Figure 1: Different schemes for addressing multiple scales and sizes. (a) Pyramids of images and feature maps are built, and the classifier is run at all scales. (b) Pyramids of filters with multiple scales/sizes are run on the feature map. (c) We use pyramids of reference boxes in the regression functions.

图1：处理多尺度和多尺寸的不同方案。(a) 构建图像和特征图的金字塔，并在所有尺度上运行分类器。(b) 在特征图上运行具有多尺度/尺寸的滤波器金字塔。(c) 我们在回归函数中使用参考框的金字塔。

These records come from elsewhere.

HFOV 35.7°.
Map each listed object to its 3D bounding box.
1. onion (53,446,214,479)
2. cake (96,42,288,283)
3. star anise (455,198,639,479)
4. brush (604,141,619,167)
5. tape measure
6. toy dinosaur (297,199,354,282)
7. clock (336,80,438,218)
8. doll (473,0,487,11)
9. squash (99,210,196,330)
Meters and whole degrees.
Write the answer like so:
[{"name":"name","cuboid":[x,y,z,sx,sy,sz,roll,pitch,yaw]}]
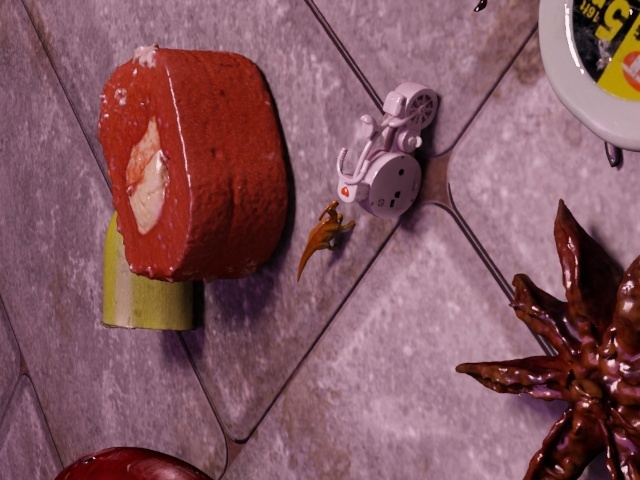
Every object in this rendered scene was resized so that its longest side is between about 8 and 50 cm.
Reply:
[{"name":"onion","cuboid":[-0.194,0.382,1.206,0.313,0.232,0.314,19,126,29]},{"name":"cake","cuboid":[-0.146,-0.092,1.125,0.177,0.150,0.283,-39,59,52]},{"name":"star anise","cuboid":[0.213,0.097,0.731,0.288,0.088,0.288,7,99,54]},{"name":"brush","cuboid":[0.218,-0.097,0.760,0.024,0.008,0.083,-12,84,49]},{"name":"tape measure","cuboid":[0.274,-0.121,0.599,0.351,0.097,0.215,57,134,42]},{"name":"toy dinosaur","cuboid":[0.004,-0.001,1.032,0.026,0.041,0.113,53,138,29]},{"name":"clock","cuboid":[0.063,-0.083,0.910,0.041,0.087,0.129,34,113,45]},{"name":"doll","cuboid":[0.099,-0.311,0.729,0.271,0.143,0.208,-103,19,-45]},{"name":"squash","cuboid":[-0.222,0.025,1.271,0.123,0.123,0.187,-2,89,53]}]
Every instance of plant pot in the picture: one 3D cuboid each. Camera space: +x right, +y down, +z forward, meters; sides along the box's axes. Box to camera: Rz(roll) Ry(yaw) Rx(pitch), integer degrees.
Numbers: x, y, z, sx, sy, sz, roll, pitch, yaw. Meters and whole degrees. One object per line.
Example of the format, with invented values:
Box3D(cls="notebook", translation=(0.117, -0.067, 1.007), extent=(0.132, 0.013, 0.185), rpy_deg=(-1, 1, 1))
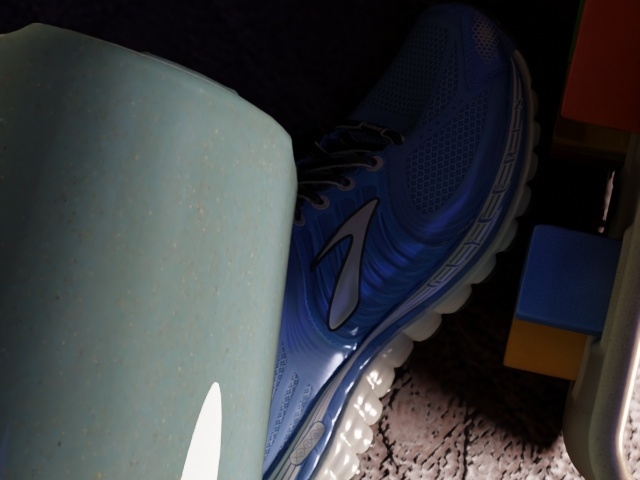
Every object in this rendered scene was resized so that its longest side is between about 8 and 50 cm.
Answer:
Box3D(cls="plant pot", translation=(-0.163, 0.091, 0.881), extent=(0.341, 0.341, 0.334), rpy_deg=(20, 75, -30))

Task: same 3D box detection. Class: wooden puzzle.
Box3D(cls="wooden puzzle", translation=(0.156, -0.032, 1.085), extent=(0.081, 0.322, 0.347), rpy_deg=(8, 87, 5))

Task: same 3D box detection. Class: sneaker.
Box3D(cls="sneaker", translation=(0.000, 0.000, 1.066), extent=(0.147, 0.130, 0.330), rpy_deg=(39, 74, -29))
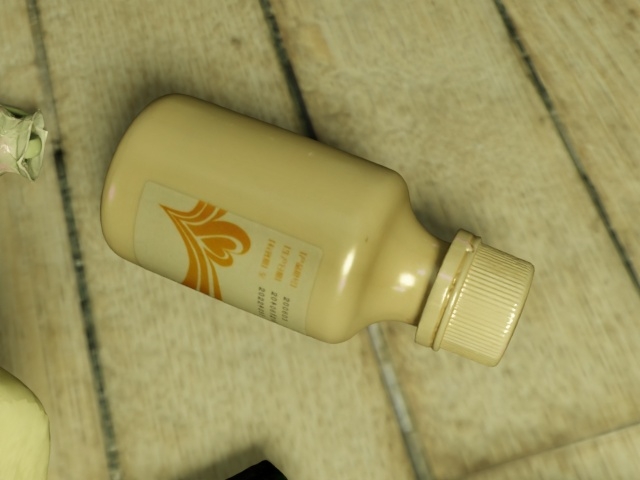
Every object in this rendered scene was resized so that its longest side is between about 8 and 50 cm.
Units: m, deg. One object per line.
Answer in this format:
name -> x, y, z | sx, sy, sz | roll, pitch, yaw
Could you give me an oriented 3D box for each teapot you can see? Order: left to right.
teapot -> -0.222, -0.072, 0.627 | 0.064, 0.064, 0.083 | 7, 31, -4

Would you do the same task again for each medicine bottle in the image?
medicine bottle -> 0.000, 0.000, 0.552 | 0.252, 0.114, 0.114 | 21, 65, 11

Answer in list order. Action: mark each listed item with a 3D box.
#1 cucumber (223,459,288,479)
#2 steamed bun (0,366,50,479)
cucumber -> -0.052, 0.187, 0.487 | 0.115, 0.062, 0.116 | -22, 66, -14
steamed bun -> -0.348, 0.194, 0.364 | 0.371, 0.290, 0.456 | 24, 68, 17
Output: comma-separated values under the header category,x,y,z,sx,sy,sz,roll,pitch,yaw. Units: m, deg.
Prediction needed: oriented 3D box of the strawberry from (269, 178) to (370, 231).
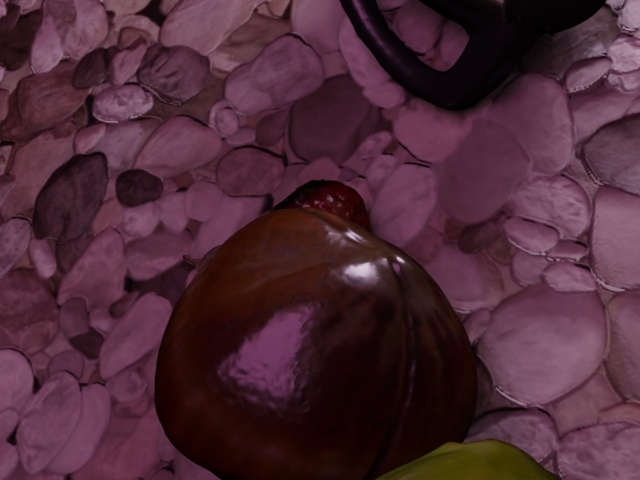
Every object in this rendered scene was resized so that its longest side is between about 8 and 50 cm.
category,x,y,z,sx,sy,sz,roll,pitch,yaw
strawberry,-0.001,0.000,0.916,0.106,0.106,0.106,-10,65,22

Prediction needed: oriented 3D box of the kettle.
category,x,y,z,sx,sy,sz,roll,pitch,yaw
kettle,0.125,-0.271,0.912,0.250,0.207,0.271,-38,65,-2

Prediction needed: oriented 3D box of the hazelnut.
category,x,y,z,sx,sy,sz,roll,pitch,yaw
hazelnut,0.005,0.090,0.795,0.229,0.229,0.230,-10,65,22

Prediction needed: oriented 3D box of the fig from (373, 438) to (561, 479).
category,x,y,z,sx,sy,sz,roll,pitch,yaw
fig,0.078,0.269,0.653,0.316,0.316,0.316,-10,65,22

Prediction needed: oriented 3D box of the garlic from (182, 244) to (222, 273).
category,x,y,z,sx,sy,sz,roll,pitch,yaw
garlic,-0.072,0.045,0.942,0.084,0.066,0.152,-32,61,12

pyramids of images (Figure 1, a) or pyramids of filters (Figure 1, b), we introduce novel "anchor" boxes that serve as references at multiple scales and aspect ratios. Our scheme can be thought of as a pyramid of regression references (Figure 1, c), which avoids enumerating images or filters of multiple scales or aspect ratios. This model performs well when trained and tested using single-scale images and thus benefits running speed.

图像金字塔（图1，a）或滤波器金字塔（图1，b），我们引入了新颖的“锚”框，作为多尺度和长宽比的参考。我们的方案可以被视为回归参考的金字塔（图1，c），避免了枚举多尺度或多长宽比的图像或滤波器。当使用单尺度图像进行训练和测试时，该模型表现良好，从而提高了运行速度。

To unify RPNs with Fast R-CNN [2] object detection networks, we propose a training scheme that alternates between fine-tuning for the region proposal task and then fine-tuning for object detection, while keeping the proposals fixed. This scheme converges quickly and produces a unified network with convolutional features that are shared between both tasks. ${}^{1}$

为了将区域提议网络（RPNs）与Fast R-CNN [2] 目标检测网络统一，我们提出了一种训练方案，该方案在区域提议任务的微调和目标检测的微调之间交替进行，同时保持提议不变。该方案收敛迅速，并生成一个在两个任务之间共享卷积特征的统一网络。 ${}^{1}$

We comprehensively evaluate our method on the PASCAL VOC detection benchmarks [11] where RPNs with Fast R-CNNs produce detection accuracy better than the strong baseline of Selective Search with Fast R-CNNs. Meanwhile, our method waives nearly all computational burdens of Selective Search at test-time-the effective running time for proposals is just 10 milliseconds. Using the expensive very deep models of [3], our detection method still has a frame rate of $5\mathrm{{fps}}$ (including all steps) on a GPU, and thus is a practical object detection system in terms of both speed and accuracy. We also report results on the MS COCO dataset [12] and investigate the improvements on PASCAL VOC using the COCO data. Code has been made publicly available at github.com/shaoqingren…_ rcnn (in MATLAB) and github.com/ rbgirshick/py-faster-rcnn (in Python).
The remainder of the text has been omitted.